== Segment start ==

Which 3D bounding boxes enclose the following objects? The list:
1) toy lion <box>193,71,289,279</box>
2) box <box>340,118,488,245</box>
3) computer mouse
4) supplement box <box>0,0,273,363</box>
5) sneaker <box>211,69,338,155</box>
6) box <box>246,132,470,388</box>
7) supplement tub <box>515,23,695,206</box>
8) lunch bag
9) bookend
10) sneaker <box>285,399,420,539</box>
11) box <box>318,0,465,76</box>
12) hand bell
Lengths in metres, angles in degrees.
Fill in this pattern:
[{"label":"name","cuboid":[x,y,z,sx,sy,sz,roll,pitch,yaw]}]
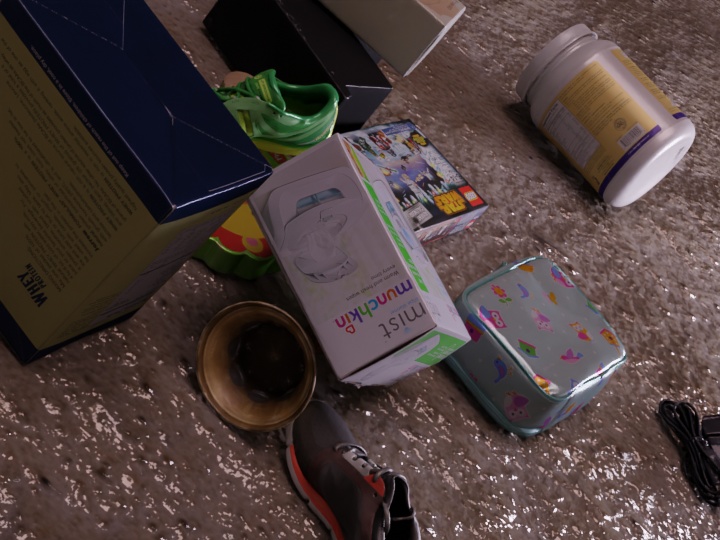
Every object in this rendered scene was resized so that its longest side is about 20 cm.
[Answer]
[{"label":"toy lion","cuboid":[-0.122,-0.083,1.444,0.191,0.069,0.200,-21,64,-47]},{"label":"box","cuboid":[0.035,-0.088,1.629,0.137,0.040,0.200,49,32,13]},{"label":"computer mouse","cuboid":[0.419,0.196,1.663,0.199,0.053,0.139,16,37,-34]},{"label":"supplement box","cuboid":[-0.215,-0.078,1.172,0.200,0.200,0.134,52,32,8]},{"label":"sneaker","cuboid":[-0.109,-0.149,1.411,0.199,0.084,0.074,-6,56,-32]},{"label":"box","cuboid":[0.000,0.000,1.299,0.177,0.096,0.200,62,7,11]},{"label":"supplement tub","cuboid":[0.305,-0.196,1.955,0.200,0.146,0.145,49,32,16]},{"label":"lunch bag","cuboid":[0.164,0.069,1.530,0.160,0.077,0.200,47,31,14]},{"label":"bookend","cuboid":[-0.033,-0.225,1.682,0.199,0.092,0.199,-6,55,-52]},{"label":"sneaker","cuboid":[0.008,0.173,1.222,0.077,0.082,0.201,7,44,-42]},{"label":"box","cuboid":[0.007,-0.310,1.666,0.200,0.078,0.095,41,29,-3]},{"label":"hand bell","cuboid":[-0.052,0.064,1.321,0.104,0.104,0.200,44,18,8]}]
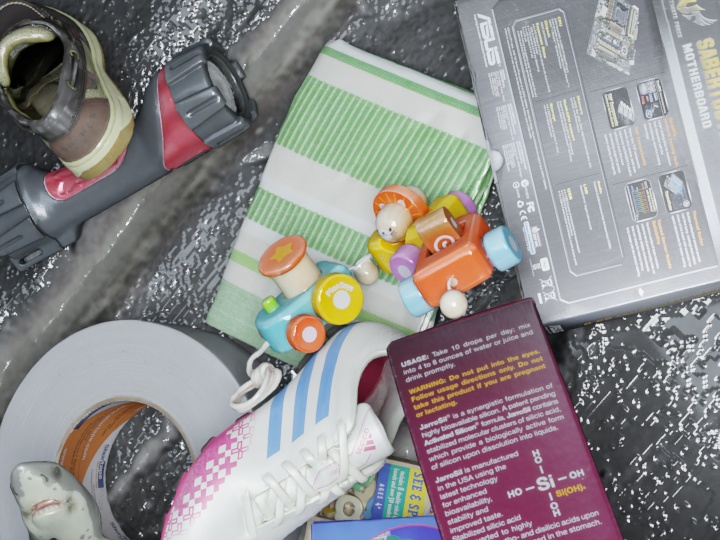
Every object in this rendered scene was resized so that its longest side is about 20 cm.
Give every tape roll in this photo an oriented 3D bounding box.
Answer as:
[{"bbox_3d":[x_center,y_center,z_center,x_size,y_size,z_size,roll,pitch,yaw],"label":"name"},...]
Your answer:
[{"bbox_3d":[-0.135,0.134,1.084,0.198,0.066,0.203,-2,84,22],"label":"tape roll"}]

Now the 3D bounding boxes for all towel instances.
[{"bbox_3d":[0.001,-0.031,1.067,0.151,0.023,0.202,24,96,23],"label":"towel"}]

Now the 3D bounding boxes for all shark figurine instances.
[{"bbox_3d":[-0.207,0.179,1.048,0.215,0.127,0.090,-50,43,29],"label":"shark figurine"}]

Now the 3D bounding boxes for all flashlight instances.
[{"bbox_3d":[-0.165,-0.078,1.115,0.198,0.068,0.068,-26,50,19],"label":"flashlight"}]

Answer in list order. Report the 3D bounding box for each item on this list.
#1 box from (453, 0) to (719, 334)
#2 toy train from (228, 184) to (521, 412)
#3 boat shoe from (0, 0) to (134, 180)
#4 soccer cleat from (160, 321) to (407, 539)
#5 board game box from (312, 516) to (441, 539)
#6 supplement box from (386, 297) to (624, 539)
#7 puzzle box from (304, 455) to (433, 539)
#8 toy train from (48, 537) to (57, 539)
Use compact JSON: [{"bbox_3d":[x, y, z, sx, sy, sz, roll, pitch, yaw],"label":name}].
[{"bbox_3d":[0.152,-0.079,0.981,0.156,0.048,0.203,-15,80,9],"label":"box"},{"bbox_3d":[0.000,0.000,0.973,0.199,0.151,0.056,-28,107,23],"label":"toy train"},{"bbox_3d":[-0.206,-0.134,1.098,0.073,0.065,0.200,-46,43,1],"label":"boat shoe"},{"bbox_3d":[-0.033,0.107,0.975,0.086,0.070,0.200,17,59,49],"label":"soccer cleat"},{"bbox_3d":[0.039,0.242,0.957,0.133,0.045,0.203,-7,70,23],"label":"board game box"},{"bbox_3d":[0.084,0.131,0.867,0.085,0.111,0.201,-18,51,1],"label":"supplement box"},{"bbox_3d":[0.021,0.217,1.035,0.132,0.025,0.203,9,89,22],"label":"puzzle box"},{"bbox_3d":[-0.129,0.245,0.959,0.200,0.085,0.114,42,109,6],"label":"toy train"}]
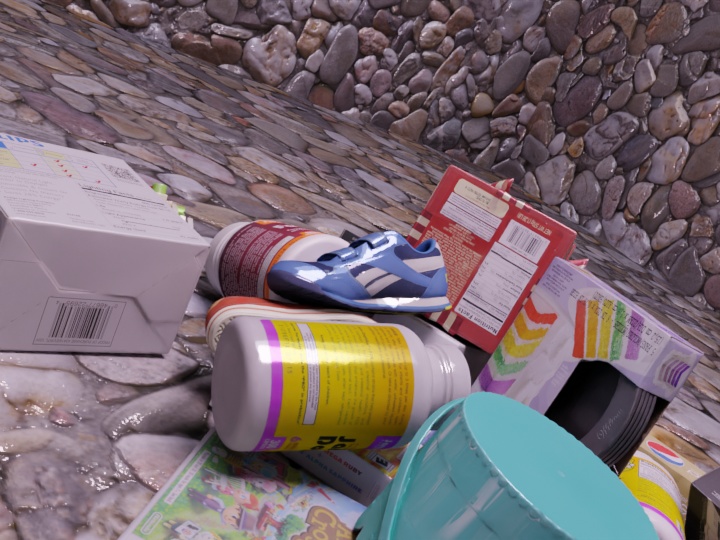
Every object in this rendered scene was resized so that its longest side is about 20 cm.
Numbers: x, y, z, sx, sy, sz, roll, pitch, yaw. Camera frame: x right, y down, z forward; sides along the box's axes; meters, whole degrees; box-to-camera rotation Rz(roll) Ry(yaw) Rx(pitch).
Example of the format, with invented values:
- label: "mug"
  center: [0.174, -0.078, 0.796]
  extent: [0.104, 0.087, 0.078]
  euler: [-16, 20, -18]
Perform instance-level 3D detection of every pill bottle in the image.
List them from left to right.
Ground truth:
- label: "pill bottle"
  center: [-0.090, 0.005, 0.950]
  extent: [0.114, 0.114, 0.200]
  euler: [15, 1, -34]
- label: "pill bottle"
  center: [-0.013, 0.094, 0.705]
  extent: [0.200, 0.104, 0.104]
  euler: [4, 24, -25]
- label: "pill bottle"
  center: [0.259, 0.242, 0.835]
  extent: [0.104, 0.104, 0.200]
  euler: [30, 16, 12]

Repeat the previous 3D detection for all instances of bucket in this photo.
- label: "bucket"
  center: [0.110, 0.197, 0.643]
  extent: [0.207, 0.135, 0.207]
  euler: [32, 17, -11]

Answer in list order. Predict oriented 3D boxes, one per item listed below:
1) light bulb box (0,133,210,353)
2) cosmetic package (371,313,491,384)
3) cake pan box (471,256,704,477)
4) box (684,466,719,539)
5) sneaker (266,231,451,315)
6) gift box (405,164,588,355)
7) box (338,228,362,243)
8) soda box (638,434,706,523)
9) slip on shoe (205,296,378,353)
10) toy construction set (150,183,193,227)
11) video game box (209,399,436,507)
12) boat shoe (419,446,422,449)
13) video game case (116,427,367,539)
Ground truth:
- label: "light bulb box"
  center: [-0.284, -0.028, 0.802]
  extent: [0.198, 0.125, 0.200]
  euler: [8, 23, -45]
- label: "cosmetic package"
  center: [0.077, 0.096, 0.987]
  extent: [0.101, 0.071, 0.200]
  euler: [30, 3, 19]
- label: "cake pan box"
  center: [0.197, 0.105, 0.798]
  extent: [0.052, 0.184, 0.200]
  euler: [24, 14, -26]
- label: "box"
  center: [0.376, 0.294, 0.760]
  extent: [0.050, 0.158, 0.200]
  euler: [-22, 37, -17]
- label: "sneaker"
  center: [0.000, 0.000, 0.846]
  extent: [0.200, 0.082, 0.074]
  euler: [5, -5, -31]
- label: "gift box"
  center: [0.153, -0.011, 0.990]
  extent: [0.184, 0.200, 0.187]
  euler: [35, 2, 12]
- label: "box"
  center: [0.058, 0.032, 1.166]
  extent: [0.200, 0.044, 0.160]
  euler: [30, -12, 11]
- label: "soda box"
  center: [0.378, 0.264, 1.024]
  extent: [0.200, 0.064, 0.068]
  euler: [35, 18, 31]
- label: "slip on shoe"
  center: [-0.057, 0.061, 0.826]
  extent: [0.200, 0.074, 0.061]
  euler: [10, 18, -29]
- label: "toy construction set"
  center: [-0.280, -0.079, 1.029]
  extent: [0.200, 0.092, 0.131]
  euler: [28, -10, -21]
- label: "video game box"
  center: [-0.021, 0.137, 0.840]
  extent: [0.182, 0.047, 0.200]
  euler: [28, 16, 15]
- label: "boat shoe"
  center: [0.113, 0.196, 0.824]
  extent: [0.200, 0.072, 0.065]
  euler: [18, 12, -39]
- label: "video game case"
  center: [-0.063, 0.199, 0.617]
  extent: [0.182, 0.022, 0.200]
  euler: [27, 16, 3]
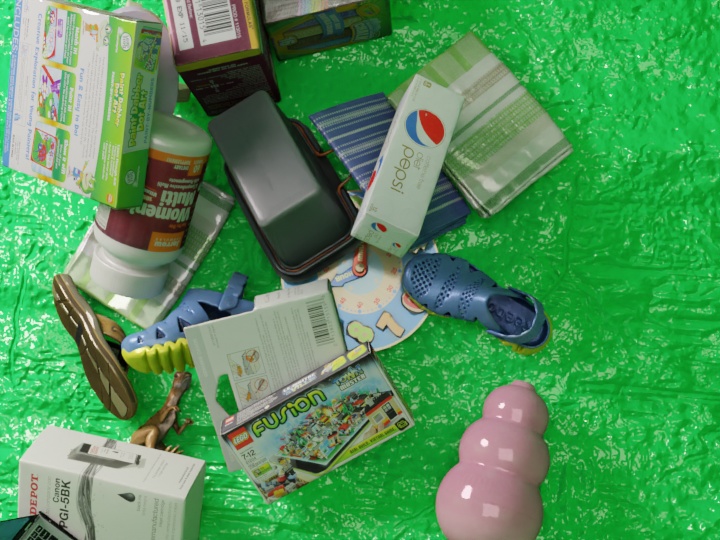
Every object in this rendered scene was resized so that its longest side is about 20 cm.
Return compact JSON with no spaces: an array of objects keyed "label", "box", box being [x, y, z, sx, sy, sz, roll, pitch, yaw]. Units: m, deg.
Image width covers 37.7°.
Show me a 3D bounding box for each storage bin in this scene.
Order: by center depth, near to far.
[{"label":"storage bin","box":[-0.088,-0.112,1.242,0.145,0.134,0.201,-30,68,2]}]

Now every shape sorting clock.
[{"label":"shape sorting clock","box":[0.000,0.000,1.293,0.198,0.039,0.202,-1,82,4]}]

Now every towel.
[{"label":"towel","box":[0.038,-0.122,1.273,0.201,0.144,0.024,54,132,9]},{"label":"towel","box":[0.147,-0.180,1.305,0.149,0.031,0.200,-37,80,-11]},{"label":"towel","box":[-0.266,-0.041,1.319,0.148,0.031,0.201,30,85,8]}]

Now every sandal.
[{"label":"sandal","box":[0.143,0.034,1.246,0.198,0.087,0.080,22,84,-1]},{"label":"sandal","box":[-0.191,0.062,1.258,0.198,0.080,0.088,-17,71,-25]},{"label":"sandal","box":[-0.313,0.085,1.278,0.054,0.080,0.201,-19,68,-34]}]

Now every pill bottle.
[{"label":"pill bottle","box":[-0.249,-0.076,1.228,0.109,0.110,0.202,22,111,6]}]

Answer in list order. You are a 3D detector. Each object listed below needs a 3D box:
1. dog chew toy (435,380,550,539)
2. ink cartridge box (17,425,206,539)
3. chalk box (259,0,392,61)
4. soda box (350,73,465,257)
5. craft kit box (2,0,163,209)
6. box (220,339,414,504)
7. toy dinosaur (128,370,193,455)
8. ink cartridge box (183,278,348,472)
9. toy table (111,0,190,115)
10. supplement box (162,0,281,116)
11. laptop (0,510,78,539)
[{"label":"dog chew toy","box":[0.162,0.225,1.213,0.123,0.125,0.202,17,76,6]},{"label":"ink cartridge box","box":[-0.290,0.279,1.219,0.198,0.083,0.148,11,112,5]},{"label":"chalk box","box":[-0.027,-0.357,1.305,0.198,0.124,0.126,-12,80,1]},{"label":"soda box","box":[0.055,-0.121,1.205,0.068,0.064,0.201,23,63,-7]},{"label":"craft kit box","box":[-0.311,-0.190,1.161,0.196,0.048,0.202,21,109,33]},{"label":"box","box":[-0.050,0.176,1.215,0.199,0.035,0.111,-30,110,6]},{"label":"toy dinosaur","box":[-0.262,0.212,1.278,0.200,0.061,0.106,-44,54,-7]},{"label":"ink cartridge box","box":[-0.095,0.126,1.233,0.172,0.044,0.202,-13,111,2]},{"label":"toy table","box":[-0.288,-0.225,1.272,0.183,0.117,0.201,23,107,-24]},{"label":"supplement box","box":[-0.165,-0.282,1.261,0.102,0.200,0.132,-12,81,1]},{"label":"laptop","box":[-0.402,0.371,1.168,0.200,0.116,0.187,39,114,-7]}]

== Segment end ==

● Exercise
Using the data above, repeat exactly the lines that begin at the line with "4. soda box (350,73,465,257)" and end at the line with "10. supplement box (162,0,281,116)", both ends included.

● Task result
4. soda box (350,73,465,257)
5. craft kit box (2,0,163,209)
6. box (220,339,414,504)
7. toy dinosaur (128,370,193,455)
8. ink cartridge box (183,278,348,472)
9. toy table (111,0,190,115)
10. supplement box (162,0,281,116)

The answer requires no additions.